Purchase, Consumption, Possession, or Transportation of Liquor or Malt or Brewed Beverages

For these purposes, it is not a defense that the liquor or malt or brewed beverage was consumed in a jurisdiction other than the jurisdiction where the citation for underage drinking was issued.

A preliminary breath test (“pbt”) is reliable to discern the presence or absence of alcohol in a suspect's blood, so that the results are admissible to support a charge of underage drinking, and they create a rebuttable presumption that the defendant has engaged in the prohibited activity. However, a positive preliminary breath test result is not per se proof that the defendant has engaged in underage drinking and he or she may present evidence to establish that the positive result was not the result of illegal ingestion of alcohol. However, in a prosecution for underage drinking, it is not always necessary for the Commonwealth to have direct evidence of the alcoholic content of the beverage consumed; a conviction can be based on circumstantial evidence.
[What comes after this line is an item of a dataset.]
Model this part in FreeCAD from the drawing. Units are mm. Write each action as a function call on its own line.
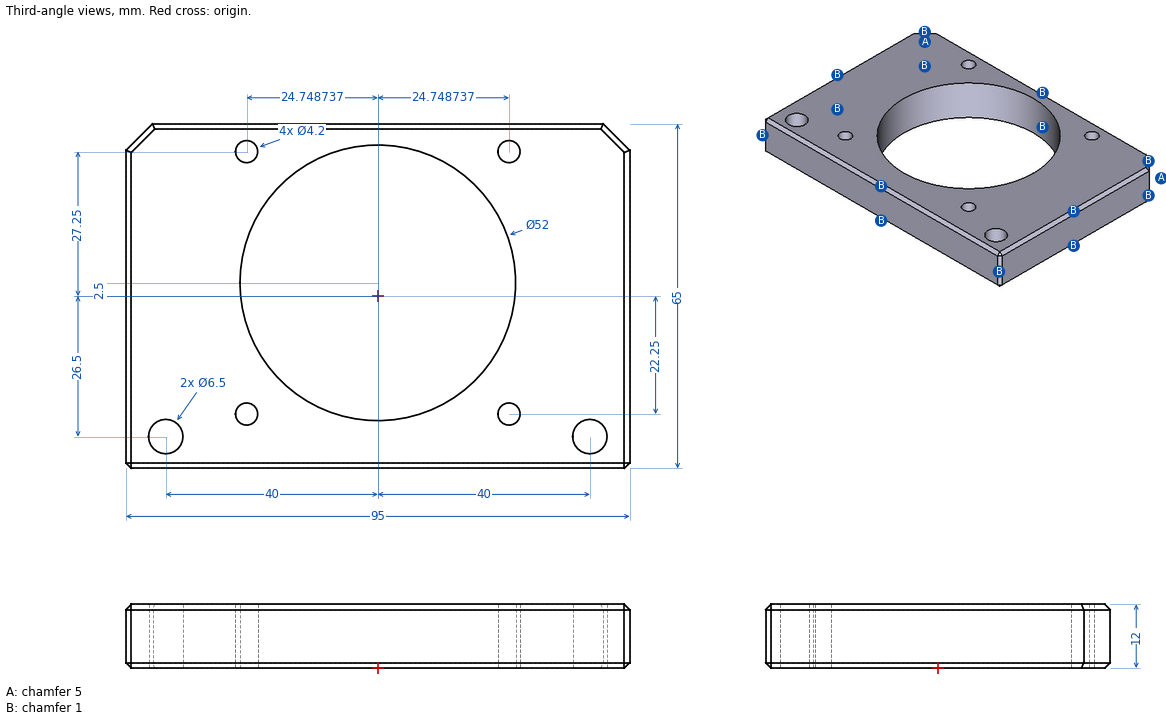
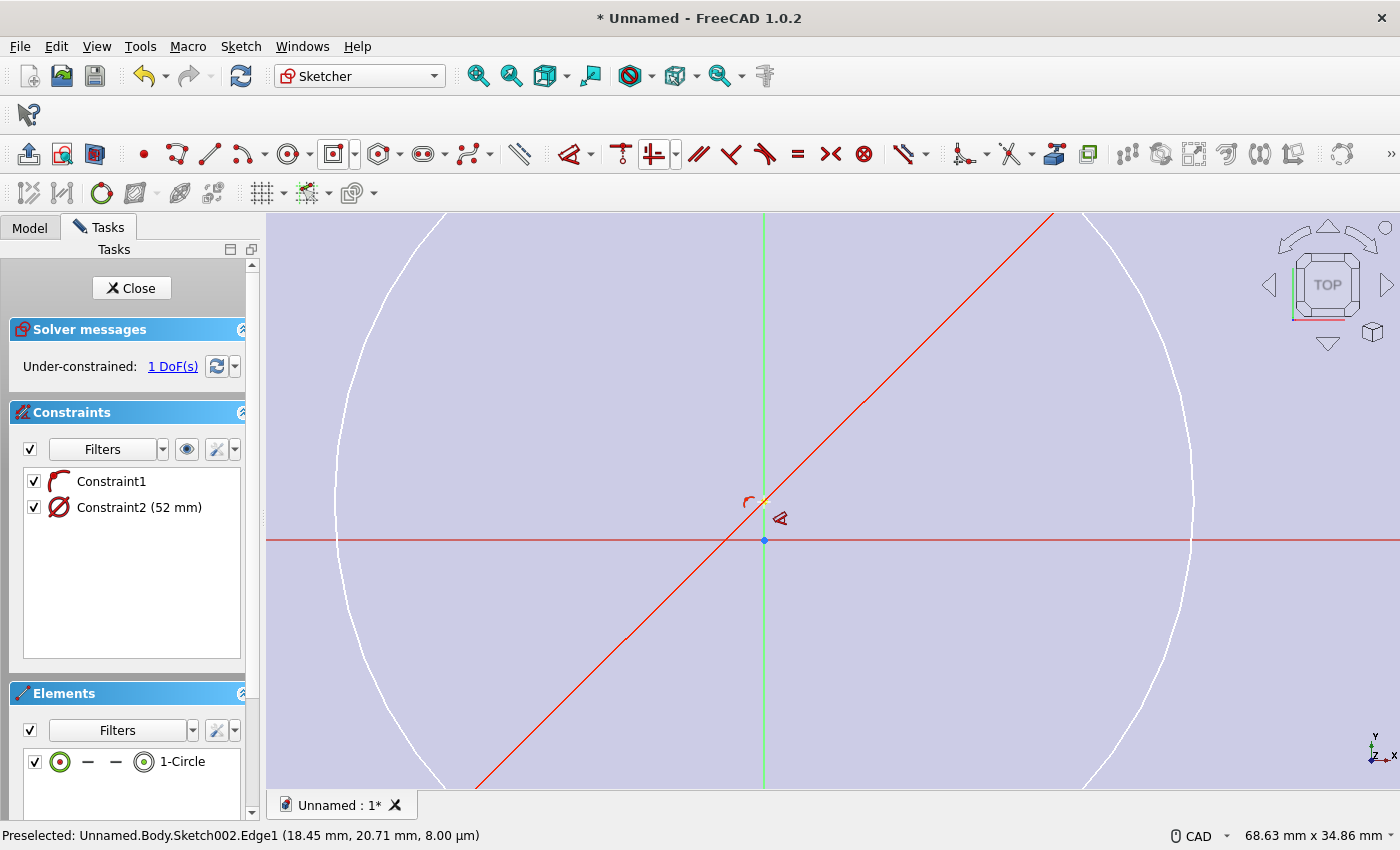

In a prosecution for underage drinking, the evidence was sufficient to show that the defendant had consumed a malt or brewed beverage within the meaning of the statute:

• where the defendant was intoxicated and it could therefore be inferred that she drank a beverage that was more than half of 1% alcohol;
• where the Commonwealth established that there was alcohol in sufficient quantity to intoxicate the defendant and, therefore, through logical inference, that the beverage contained at least 0.5% alcohol by volume where the Commonwealth's witnesses testified that the defendant was intoxicated;
• even though the arresting officer did not see the defendant actually consume, possess or transport alcohol where the officer detected an odor of alcohol on the defendant and a breathalyzer test yielded a result of .04% alcohol.
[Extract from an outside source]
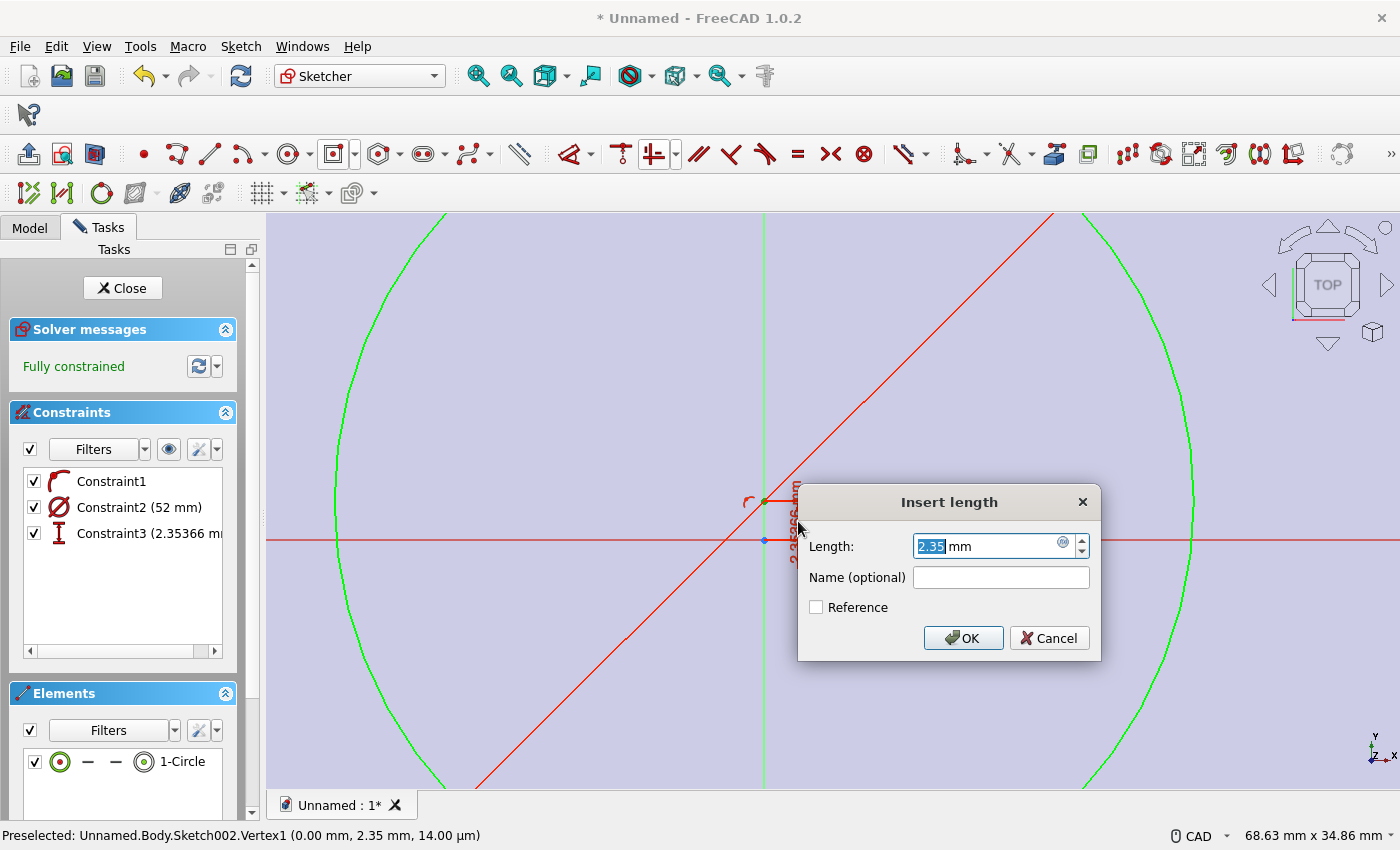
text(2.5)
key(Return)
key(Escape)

Additional penalties and consequences

In addition to the penalty that may be imposed pursuant to the statute relating to restriction of operating privileges, a person convicted of violating the foregoing provision may be sentenced to pay a fine of not more than the amount specified in the statute for the second and each subsequent violation. Loss of driving privileges is a civil collateral consequence of a conviction for underage drinking. Thus, there is no requirement that a defendant know of such penalty at the time of a guilty plea.

Illustration: The suspension of a minor's driver's license for a second conviction for violating the prohibition against the purchase, consumption, possession or transportation of alcohol by a minor did not violate the minor's right to equal protection or due process since there was a rational basis for the legislature to conclude that suspension of a minor's driver's license promotes traffic safety by removing drinking minors from state roads.

The police department making an arrest for a suspected violation of the foregoing provision must so notify the parents or guardian of the minor charged.

Pre-adjudication disposition

When a person is charged with violating the statutory provision relating to the purchase, consumption, possession or transportation of liquor or malt or brewed beverages, the magisterial district justice (“MDJ”) may, if the offender has not previously received a pre-adjudication disposition for violating such provision, admit the offender to the adjudication alternative authorized by the statute relating to adjudication alternative program or to any other pre-adjudication disposition. For the purpose of further adjudication under this provision or under the provision relating to restriction of operating privileges the use of a pre-adjudication disposition must be considered as a first or subsequent offense, whichever is applicable.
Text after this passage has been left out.